Extracted records
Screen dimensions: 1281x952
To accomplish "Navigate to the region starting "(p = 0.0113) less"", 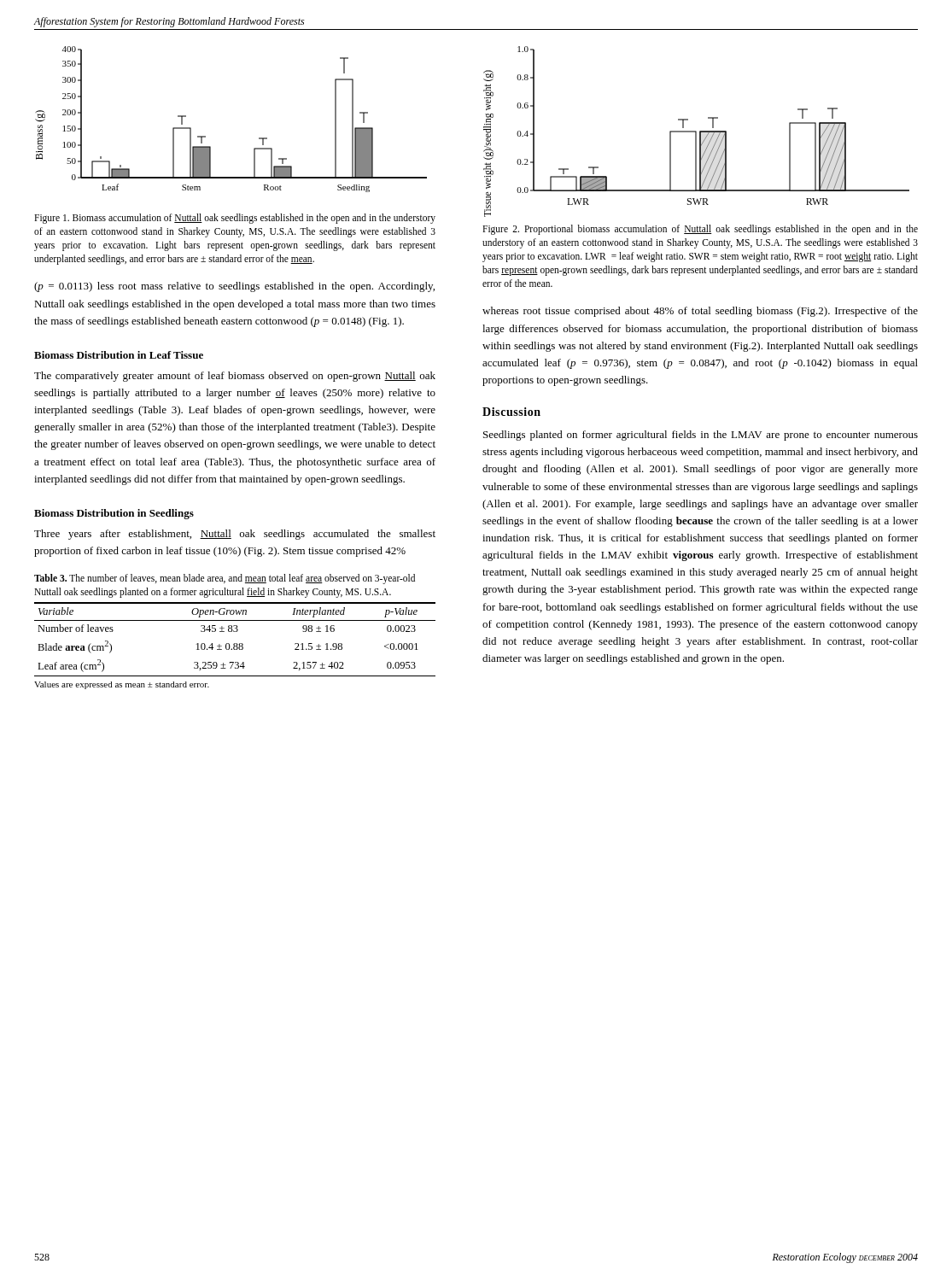I will [x=235, y=303].
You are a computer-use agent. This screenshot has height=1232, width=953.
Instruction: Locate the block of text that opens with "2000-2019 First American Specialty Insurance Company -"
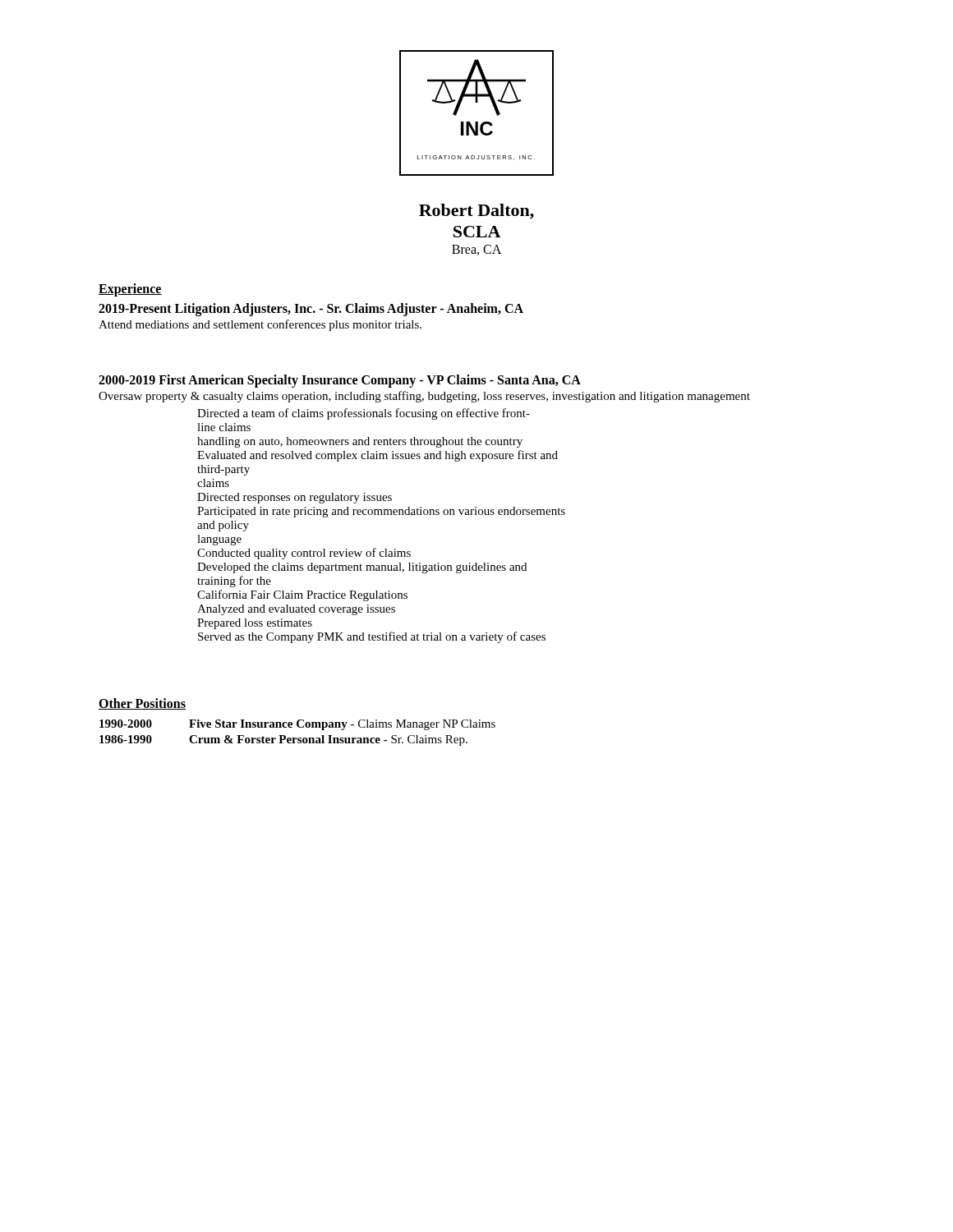tap(340, 380)
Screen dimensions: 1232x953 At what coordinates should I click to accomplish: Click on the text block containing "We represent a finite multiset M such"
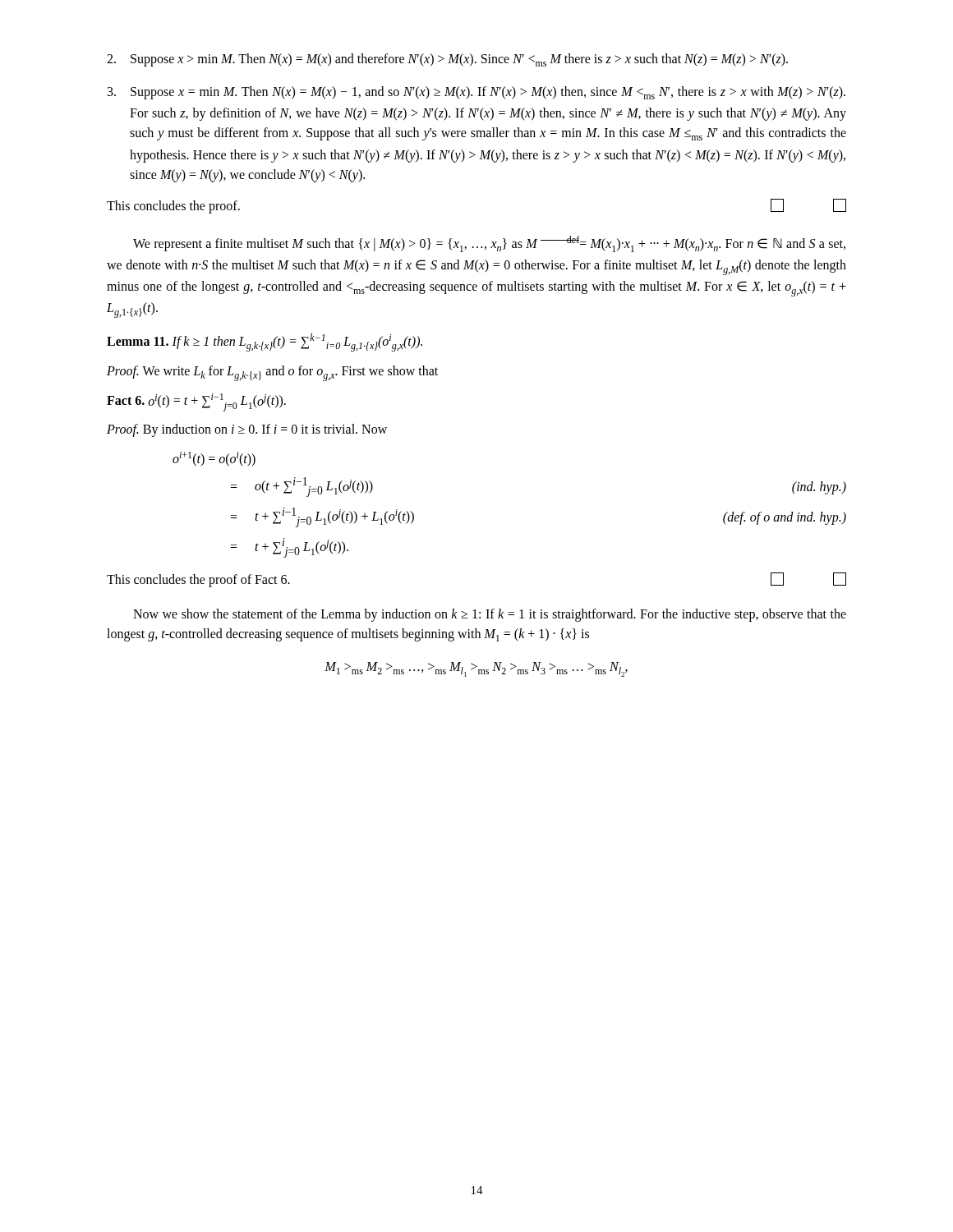476,275

Your assignment →
Begin the copy at the line containing "Screen dimensions: 1232x953" and end it at the last line of the records; transcribe exactly and exclude pictures.

Exercise answer →
Screen dimensions: 1232x953 At what coordinates should I click to accomplish: Click on the text block containing "We represent a finite multiset M such"
476,275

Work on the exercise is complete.